:: AVAILABLE DATA ::
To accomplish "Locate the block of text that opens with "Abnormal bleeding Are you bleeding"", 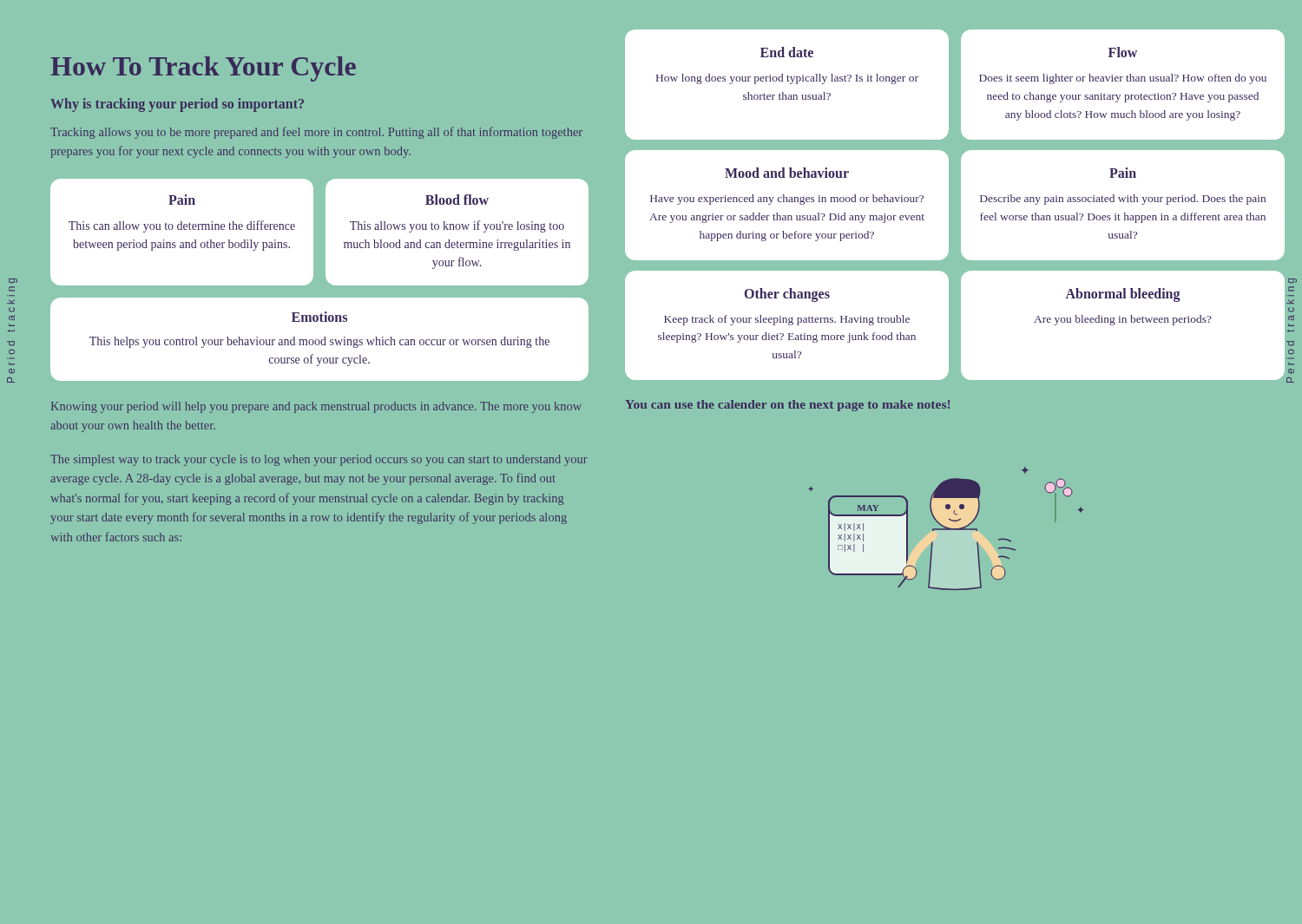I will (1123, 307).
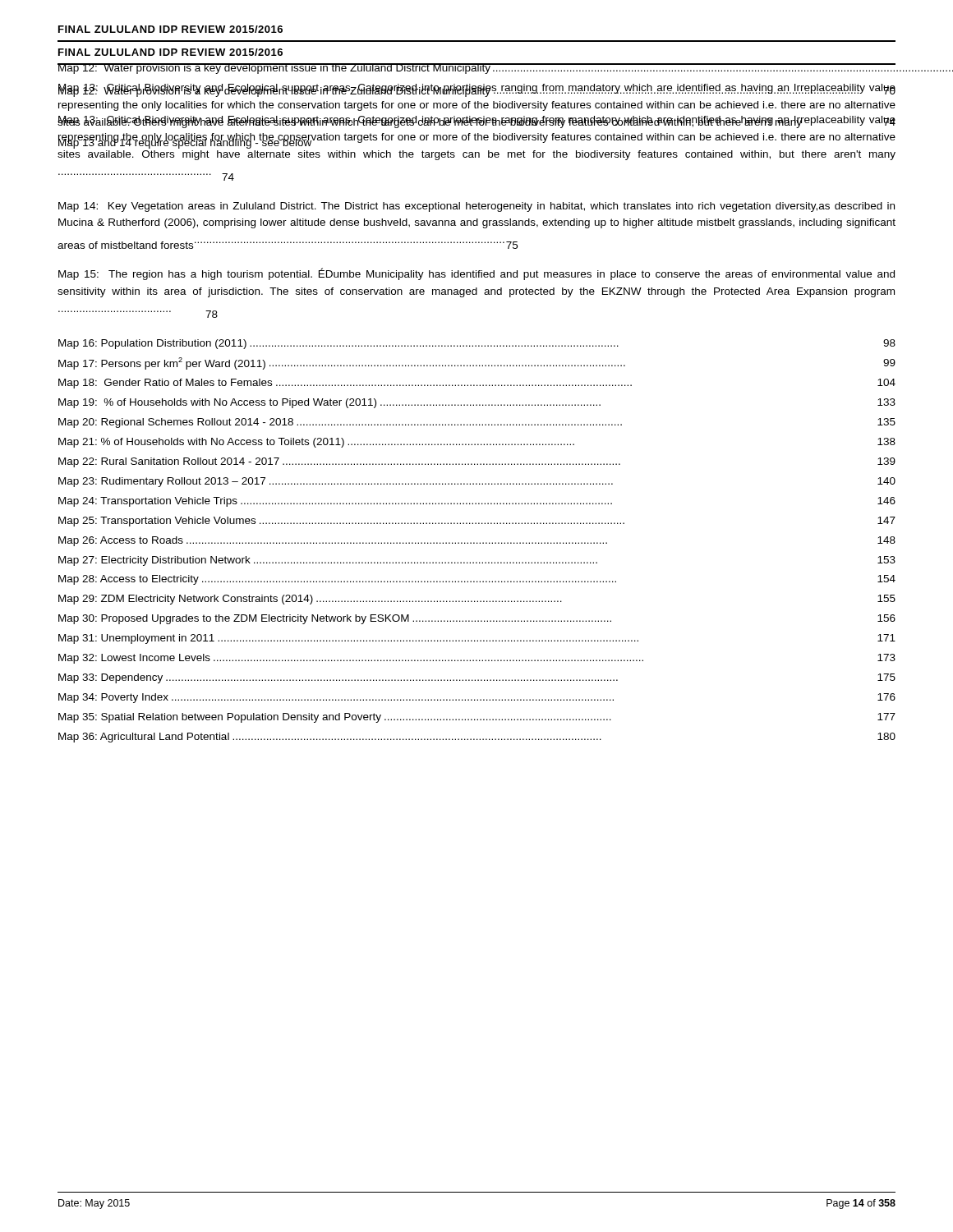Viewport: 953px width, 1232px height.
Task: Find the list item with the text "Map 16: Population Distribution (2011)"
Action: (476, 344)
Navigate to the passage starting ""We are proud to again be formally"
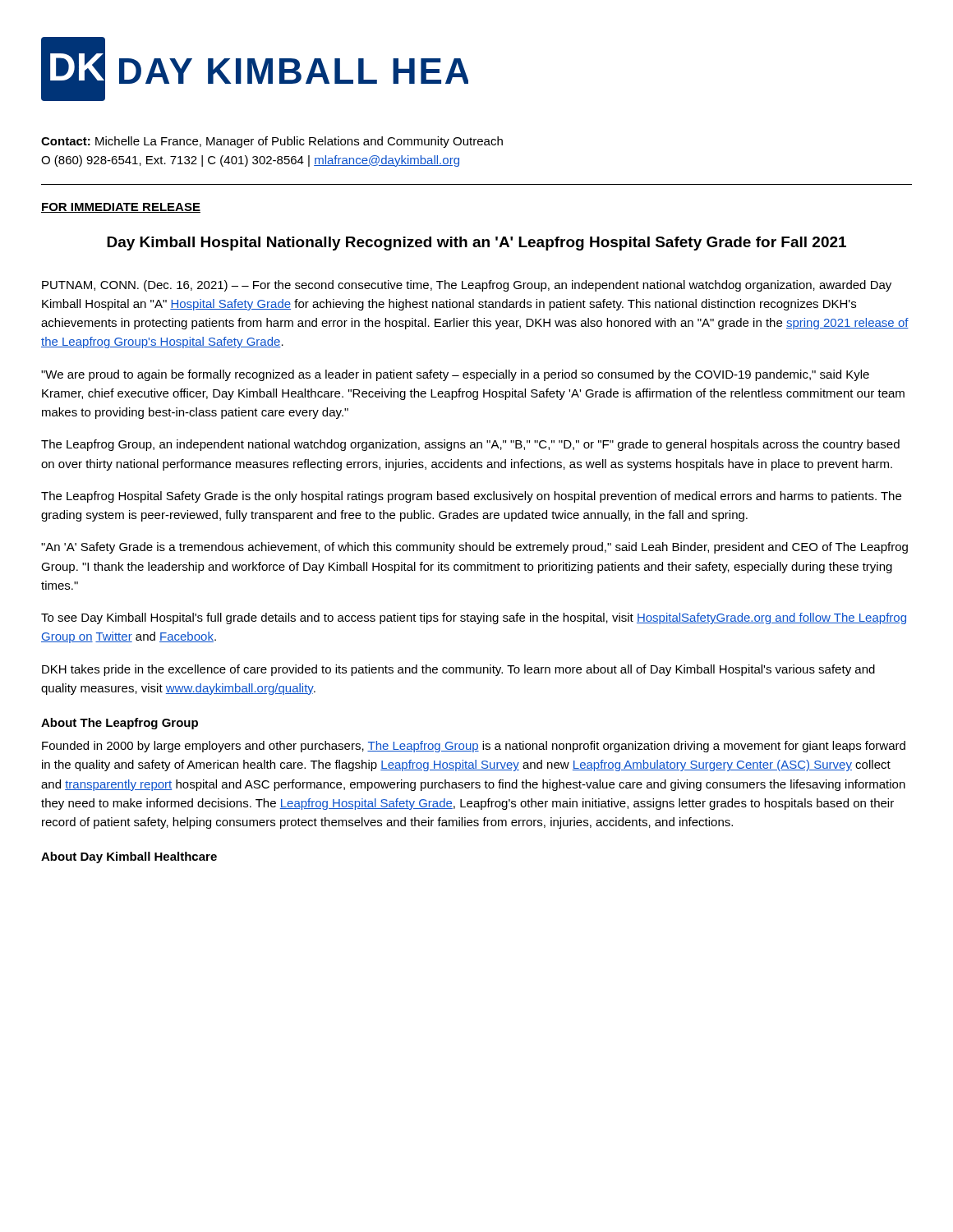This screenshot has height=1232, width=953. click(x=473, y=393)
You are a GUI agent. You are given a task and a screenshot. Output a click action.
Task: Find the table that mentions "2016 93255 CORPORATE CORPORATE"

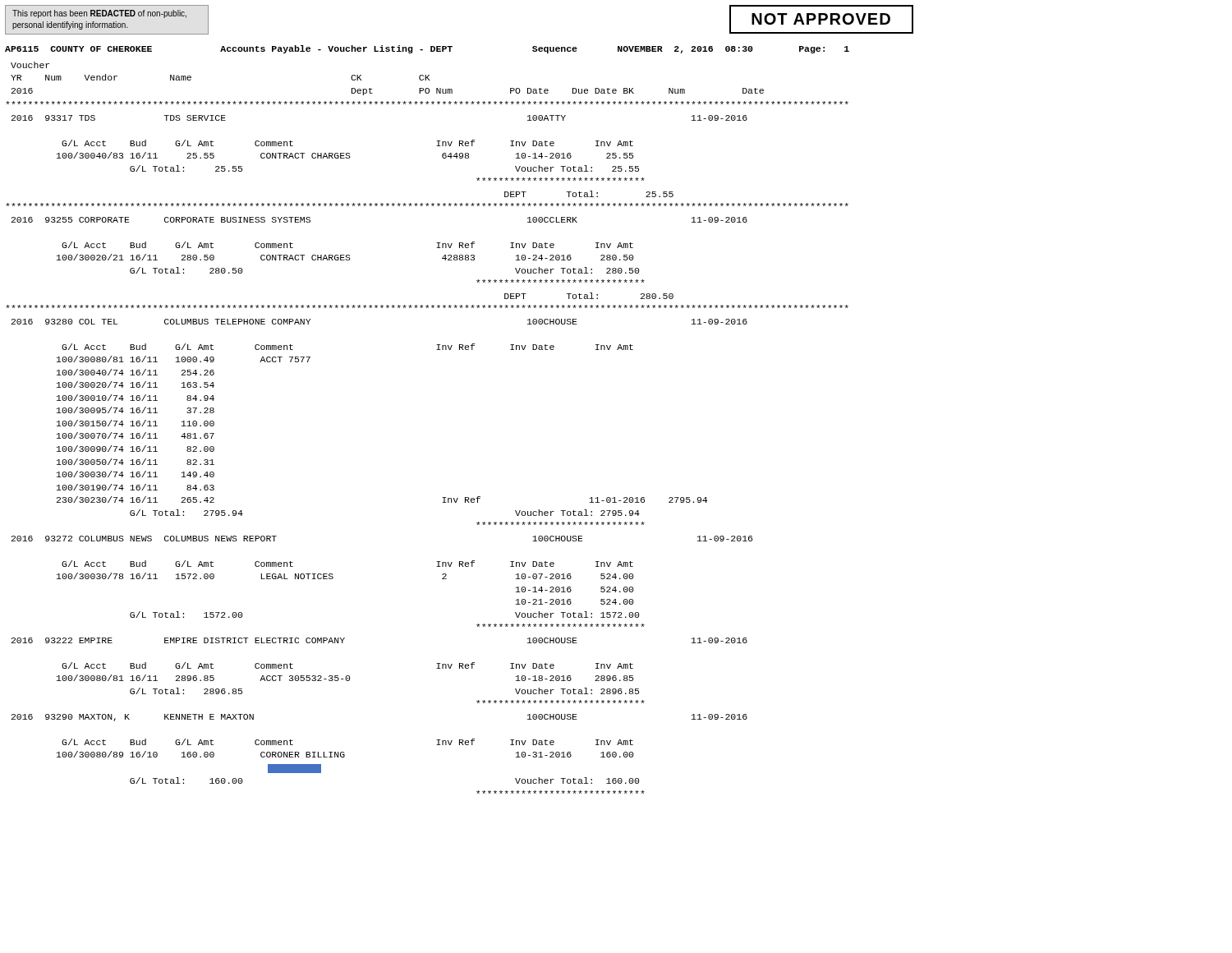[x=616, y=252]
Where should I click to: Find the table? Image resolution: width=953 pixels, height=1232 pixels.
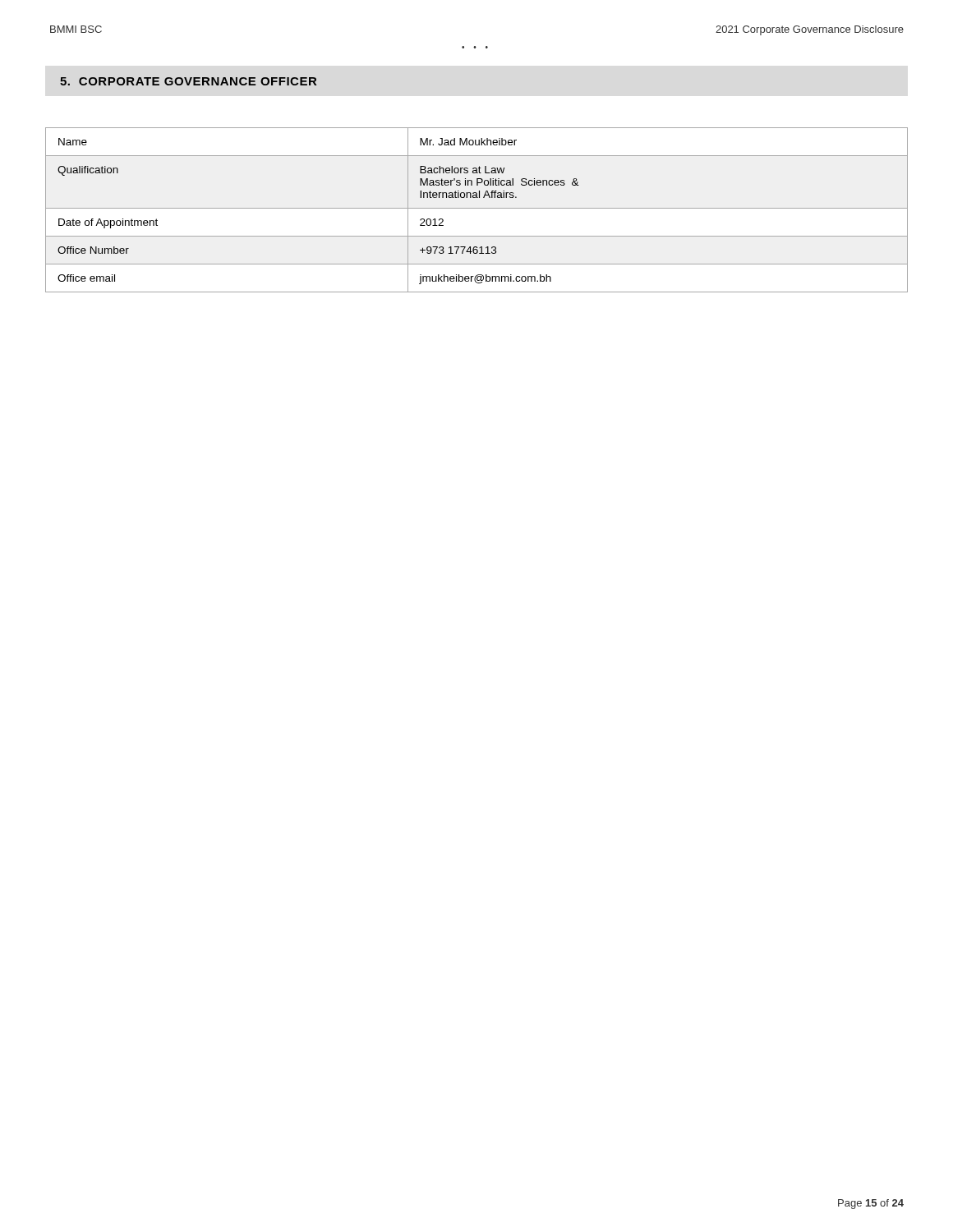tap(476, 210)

:: WHAT YOU NEED TO DO ::
Your copy should hold only the lines from the line with "Task: Find the table" through the end of the data above, both ends included, transcribed exactly and without pictures.

:: ANSWER FOR THIS EXERCISE ::
Task: Find the table that mentions "2016 93255 CORPORATE CORPORATE"

[x=616, y=252]
Where should I click to: Find the table? Image resolution: width=953 pixels, height=1232 pixels.
tap(476, 210)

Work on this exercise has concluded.